Scan the records for the string "below"; copy each line where it occurs.
---------- Record excerpts ----------
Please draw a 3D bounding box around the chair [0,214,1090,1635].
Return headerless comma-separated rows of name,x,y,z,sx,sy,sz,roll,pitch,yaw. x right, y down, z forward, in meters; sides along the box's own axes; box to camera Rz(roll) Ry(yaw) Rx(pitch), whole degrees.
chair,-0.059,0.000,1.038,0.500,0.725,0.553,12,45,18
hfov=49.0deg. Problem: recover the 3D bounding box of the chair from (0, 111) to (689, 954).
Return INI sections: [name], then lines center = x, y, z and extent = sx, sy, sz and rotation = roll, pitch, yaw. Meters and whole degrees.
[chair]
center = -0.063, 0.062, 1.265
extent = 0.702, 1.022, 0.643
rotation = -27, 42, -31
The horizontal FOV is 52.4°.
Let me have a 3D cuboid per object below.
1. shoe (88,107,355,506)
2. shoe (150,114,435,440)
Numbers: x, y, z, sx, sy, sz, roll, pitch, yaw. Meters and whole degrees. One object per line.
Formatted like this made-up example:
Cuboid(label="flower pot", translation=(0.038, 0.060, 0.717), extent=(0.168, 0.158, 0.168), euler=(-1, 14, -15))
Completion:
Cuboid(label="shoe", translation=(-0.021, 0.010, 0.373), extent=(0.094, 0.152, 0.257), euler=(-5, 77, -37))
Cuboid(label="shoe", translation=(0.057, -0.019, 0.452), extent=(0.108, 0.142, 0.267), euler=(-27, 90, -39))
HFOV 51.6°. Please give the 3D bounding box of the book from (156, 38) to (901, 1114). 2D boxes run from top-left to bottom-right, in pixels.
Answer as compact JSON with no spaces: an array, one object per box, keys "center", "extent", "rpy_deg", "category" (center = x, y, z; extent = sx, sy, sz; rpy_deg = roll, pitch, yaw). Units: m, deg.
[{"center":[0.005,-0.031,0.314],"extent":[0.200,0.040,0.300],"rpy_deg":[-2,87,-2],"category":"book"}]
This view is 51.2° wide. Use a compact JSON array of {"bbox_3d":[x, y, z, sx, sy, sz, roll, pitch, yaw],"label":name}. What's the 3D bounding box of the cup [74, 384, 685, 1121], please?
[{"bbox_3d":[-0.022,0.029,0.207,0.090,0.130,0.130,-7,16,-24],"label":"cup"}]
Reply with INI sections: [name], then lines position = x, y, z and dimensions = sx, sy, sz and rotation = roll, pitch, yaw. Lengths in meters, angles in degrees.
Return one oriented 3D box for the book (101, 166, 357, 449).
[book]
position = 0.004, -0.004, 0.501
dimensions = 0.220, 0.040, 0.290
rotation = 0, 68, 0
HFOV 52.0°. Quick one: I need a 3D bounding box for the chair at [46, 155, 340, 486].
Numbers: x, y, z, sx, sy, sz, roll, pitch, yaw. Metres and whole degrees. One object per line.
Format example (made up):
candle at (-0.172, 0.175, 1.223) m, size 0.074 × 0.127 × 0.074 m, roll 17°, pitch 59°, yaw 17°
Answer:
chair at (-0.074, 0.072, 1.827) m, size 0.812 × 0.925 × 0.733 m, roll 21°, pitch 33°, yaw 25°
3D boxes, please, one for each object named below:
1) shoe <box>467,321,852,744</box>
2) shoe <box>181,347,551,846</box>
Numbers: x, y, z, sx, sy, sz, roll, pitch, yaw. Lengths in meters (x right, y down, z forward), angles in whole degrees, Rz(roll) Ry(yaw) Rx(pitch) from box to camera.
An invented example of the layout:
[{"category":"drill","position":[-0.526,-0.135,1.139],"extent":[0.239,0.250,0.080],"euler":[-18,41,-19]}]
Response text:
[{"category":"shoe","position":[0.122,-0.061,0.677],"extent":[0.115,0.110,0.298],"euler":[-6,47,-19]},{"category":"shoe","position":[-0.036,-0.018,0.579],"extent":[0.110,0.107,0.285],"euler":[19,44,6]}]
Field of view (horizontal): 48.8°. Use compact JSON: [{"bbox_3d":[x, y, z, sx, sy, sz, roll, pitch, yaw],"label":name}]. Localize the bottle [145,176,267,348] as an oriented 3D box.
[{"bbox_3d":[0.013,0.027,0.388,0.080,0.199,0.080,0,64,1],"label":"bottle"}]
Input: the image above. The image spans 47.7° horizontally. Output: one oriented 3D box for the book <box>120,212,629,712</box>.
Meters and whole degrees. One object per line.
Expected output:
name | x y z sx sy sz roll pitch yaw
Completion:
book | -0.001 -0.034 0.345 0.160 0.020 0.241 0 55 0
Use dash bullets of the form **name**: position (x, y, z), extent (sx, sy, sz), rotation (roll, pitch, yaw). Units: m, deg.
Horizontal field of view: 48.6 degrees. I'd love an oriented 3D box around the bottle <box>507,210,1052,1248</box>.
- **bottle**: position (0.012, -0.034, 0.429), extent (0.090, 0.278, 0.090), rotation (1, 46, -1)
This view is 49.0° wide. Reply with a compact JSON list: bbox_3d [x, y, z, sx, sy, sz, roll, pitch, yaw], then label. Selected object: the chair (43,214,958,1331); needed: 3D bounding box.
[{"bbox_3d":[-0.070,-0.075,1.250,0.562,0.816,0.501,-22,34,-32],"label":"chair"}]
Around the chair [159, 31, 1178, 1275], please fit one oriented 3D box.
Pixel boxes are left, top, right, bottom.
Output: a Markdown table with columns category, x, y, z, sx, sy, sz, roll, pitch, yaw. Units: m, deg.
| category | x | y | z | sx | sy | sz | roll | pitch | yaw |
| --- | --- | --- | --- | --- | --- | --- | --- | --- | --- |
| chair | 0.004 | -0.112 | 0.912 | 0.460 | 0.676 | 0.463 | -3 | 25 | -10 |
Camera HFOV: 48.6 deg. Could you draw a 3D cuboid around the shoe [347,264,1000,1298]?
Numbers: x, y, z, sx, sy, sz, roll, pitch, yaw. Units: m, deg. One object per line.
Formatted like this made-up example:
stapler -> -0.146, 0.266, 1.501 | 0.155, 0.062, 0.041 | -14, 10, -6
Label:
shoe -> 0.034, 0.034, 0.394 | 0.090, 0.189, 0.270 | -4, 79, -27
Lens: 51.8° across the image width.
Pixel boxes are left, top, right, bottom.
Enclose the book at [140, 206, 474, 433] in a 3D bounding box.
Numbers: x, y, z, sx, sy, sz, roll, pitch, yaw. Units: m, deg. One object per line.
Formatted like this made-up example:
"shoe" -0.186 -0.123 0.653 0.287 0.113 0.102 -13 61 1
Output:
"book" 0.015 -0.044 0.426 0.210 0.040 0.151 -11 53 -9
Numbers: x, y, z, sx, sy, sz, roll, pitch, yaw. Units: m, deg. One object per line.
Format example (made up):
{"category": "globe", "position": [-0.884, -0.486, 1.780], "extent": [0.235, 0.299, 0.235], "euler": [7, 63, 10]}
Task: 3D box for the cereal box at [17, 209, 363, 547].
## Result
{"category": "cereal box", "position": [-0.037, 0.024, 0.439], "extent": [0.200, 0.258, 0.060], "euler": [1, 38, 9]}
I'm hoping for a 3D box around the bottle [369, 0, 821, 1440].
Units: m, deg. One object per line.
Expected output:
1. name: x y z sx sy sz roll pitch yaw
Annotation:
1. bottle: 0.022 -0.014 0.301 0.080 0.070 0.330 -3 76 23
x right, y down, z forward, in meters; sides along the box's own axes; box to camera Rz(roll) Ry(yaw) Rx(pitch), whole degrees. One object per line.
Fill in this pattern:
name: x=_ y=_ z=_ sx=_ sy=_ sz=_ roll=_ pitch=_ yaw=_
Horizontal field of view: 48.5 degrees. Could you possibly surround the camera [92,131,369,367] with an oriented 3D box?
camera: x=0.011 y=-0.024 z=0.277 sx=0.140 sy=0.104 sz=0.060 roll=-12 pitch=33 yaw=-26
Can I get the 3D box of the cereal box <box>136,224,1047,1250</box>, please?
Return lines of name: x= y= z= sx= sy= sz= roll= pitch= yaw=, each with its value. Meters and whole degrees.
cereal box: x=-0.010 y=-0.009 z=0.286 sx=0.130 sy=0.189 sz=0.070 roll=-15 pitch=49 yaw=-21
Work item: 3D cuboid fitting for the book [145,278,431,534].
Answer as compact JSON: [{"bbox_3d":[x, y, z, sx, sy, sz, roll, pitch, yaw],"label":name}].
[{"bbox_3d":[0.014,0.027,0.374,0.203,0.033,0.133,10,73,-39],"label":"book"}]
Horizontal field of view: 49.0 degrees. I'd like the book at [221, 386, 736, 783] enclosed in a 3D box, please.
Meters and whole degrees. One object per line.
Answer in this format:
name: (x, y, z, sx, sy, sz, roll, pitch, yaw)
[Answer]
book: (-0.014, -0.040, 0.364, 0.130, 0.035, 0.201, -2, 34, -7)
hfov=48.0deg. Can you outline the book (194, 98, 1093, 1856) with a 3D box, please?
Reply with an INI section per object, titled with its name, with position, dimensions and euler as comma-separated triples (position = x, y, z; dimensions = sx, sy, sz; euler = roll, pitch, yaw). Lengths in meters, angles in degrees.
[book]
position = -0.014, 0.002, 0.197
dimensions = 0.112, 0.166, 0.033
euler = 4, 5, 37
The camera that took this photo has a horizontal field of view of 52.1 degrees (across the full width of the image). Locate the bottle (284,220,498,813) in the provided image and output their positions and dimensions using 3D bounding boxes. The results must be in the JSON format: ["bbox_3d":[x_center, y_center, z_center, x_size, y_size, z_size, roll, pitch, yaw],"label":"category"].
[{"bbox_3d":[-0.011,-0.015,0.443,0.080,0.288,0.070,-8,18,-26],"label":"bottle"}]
----------
Task response -
Let me have a 3D cuboid per object below.
3D boxes, please, one for each object named below:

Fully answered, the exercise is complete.